How about you just understand what conv2() does in that case. Basically it slides a window along and multiplies the window values (all 1's in the case where you want to do a sum) by the values of the larger matrix and then sums the products. So if they're all 1 except the middle is 0, it just multiplies the larger matrix by one and sums. So the value of the output at the pixel location is simply the sum of the original image matrix values, except for the center pixel itself, in a window centered around that pixel.

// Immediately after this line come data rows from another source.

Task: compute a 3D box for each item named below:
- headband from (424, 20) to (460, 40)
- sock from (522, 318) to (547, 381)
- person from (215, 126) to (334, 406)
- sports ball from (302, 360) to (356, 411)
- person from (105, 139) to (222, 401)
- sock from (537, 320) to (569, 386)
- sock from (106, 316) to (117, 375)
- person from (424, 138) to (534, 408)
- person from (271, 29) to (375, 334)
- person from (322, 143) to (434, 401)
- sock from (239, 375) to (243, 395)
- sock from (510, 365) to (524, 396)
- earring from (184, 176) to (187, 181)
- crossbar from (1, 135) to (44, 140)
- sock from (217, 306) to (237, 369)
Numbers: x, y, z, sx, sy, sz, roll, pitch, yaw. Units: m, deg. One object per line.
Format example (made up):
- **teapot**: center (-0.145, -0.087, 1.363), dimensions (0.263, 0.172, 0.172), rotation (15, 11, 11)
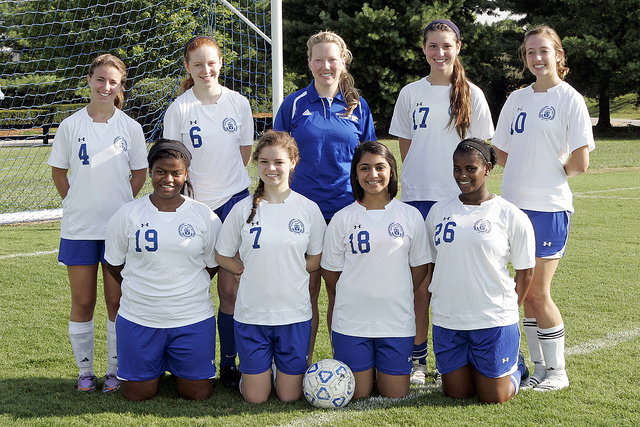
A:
- **headband**: center (1.142, -1.714, 5.778), dimensions (0.314, 0.204, 0.228), rotation (0, 7, 4)
- **sock**: center (1.940, 1.202, 5.547), dimensions (0.184, 0.451, 0.178), rotation (0, 0, 9)
- **person**: center (-0.437, 0.746, 5.596), dimensions (1.050, 2.813, 0.700), rotation (-1, 13, -13)
- **sports ball**: center (0.073, 1.456, 5.234), dimensions (0.419, 0.382, 0.375), rotation (-26, -33, 28)
- **person**: center (-1.375, 0.848, 5.567), dimensions (0.999, 2.921, 0.673), rotation (-2, 13, -15)
- **sock**: center (2.057, 1.262, 5.451), dimensions (0.384, 0.526, 0.261), rotation (11, -20, -27)
- **sock**: center (-1.843, 1.178, 5.459), dimensions (0.089, 0.472, 0.373), rotation (-3, 7, -20)
- **person**: center (1.342, 0.470, 5.248), dimensions (0.909, 2.183, 0.480), rotation (2, 7, 19)
- **person**: center (0.103, -0.218, 5.663), dimensions (0.989, 2.881, 0.914), rotation (0, 2, -10)
- **person**: center (0.552, 0.805, 5.614), dimensions (0.870, 2.930, 0.591), rotation (-4, 21, 1)
- **sock**: center (-0.682, 1.470, 5.351), dimensions (0.029, 0.168, 0.123), rotation (-2, 7, -8)
- **sock**: center (1.717, 1.419, 5.334), dimensions (0.051, 0.205, 0.336), rotation (3, 7, 28)
- **earring**: center (-1.199, -0.309, 5.512), dimensions (0.039, 0.035, 0.064), rotation (1, -5, -14)
- **crossbar**: center (-9.517, -2.397, 19.387), dimensions (1.003, 0.154, 3.264), rotation (-2, 7, -15)
- **sock**: center (-0.850, 1.137, 5.597), dimensions (0.226, 0.513, 0.195), rotation (1, 7, 11)

Timmy's code doesn't work because it's messed up and not robust. Here is a fixed version of his code that does work and is more robust (though it could be more robust/general because it assumes B must be a 3 by 3 matrix):
A = [1 0 0 1;
1 0 1 0;
0 0 1 1;
1 0 0 0]
B = [1 1 1;1 0 1;1 1 1]; % Code assumes this is a 3x3 matrix.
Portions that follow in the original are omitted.